Yeah, we’ve definitely got more Blank Stare Entertainment projects in the works, more comics and other cool stuff. We are doing more projects with comedians/musicians, we would love to carve out a niche where comic books meet live entertainment. Nobody buys CD’s anymore but we’re banking that fans will pick up a comic book if the stories add something new and fun to the artists catalogue. The name kind of came about as of a goof that fit in with the feel of the book, but we also thought it sounded dumb and subversive… and we both at least consider ourselves dumb!
You’ve assembled a really impressive roster of artists for this book, underground names that span decades (Batton Lash) and other younger creators like Kristen Adam. How did you select the people to be in this? Were they all fans or friends of Neil? It’s such a small publication (the inside of the cover say that there were only 500 copies) and it’s such an impressive roster, I was just curious as to a little bit about the background of assembling it.
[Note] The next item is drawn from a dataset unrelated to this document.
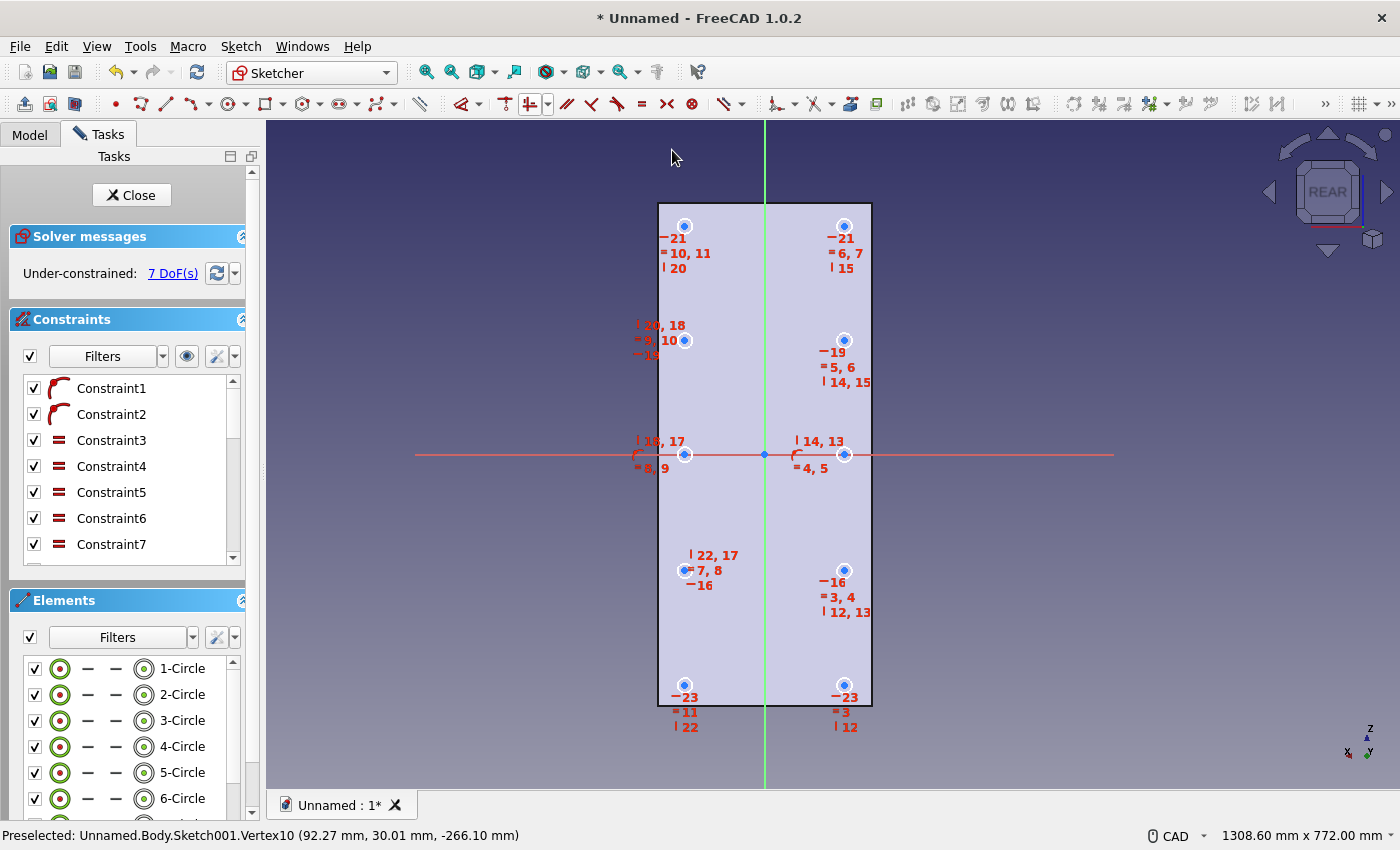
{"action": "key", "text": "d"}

Batton Lash is a legend in comics and our mentor (whether he likes it or not). We all live in San Diego. He’s helped us from the beginning, was our initial artist, and introduced us to Bill Galvan. He also set us up with Dan Bois who did a great job designing the book and additional lettering duties. We had a whole gang of Chunk’s young cartoonist friends from San Francisco (Kristen Adam, Star St. Germain, Sam Harris and Tim Riherd) that made great contributions, we like to imagine them as a Little Rascals type gang getting into trouble in the wacky Haight- Ashbury.. Chunk is the unofficial third member of Blank Stare Comics…we need to provide him with a proper title. Robert Dayton and Julian Lawrence came by way of Gregg Turkington (aka Neil Hamburger), and we personally sought out Chris Wisnia! and Jeffrey Brown because we’re huge fans of their work. We did make a real effort to get a diverse set of styles in there to fit the specific genres (i.e Wisnia! with his Kirby monsters).
Is this a one-off? Once the 500 copies are sold will there be any more Neil Comic Digests? Or reprints of this one? If people want to pick it up, will it be sold at Neil’s shows or is there a website you’d like people to look to?
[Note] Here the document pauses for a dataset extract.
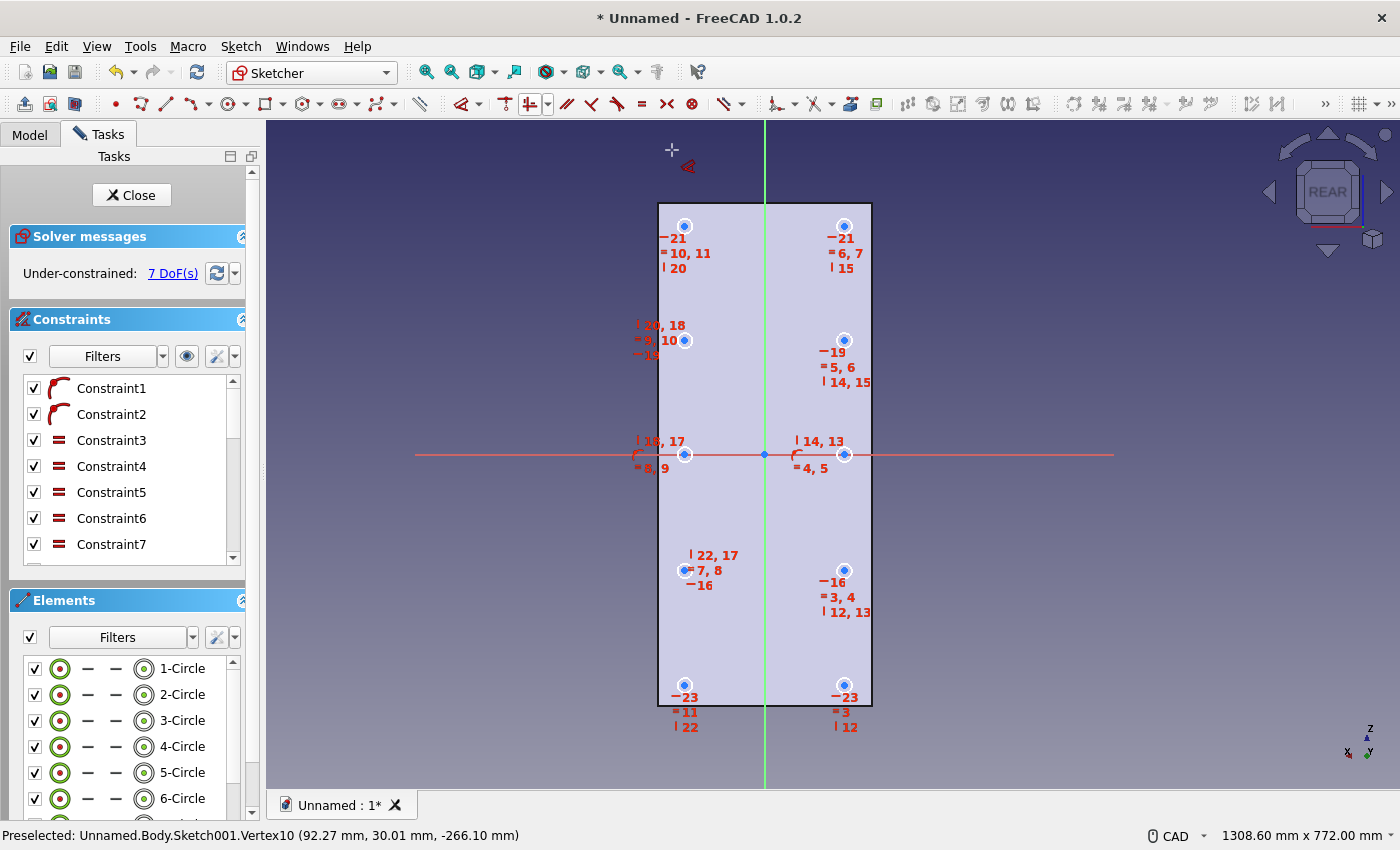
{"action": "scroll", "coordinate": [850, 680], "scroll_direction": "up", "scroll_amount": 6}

We’re not sure about reprints after the first 500, but if all goes well we plan on putting out another volume. People can get copies at Neil Hamburger’s live shows or at our website www.blankstareentertainment.com, (we’ll ship internationally too!) and we’re working on getting copies out to some cool retailers… if they’ll have us.
The old time comic ads in the book, at first I scrutinized them trying to find if they were jokes, but they seem to be actual old ads, what was the thinking behind putting those in?
The original plan was to do our own fake 50’s/60’s ads, a la “The Book of Subgenius,” but after doing some research and scrounging around old comic shops, we found that actual ads from the 50’s/60’s were much more ridiculous and awesome than anything we could come up with ourselves. It was a cool feeling, spending hours looking through old books and finding these amazing advertisements. We felt, it was our duty to get them out into the world again.
For a book that seems to be aimed at a very specific section of fandom (comics AND neil hamburger) it actually does a pretty good job of highlighting various time periods and genres of comic books, from the “Classics Illustrated” style strip, to the obvious Jack Kirby influenced one. Was this a conscious decision or a happy accident?
We know this sounds real douchey, but it was completely intentional and our initial pitch to Gregg was; drop Neil Hamburger and his world view into a “love letter” to comics history. We really love the digest format, from the Archie books our mommies bought us at the grocery store to the crazy underground comix digests that Crumb and friends put out in the 60’s/70’s. Sometimes, people forget how many genres comic creators have created besides superhero’s. If you look hard enough you can find comics in about any genre that exists in entertainment. Bottom line, we love all comics and have a bunch more stories where Neil will ruin other classic genres!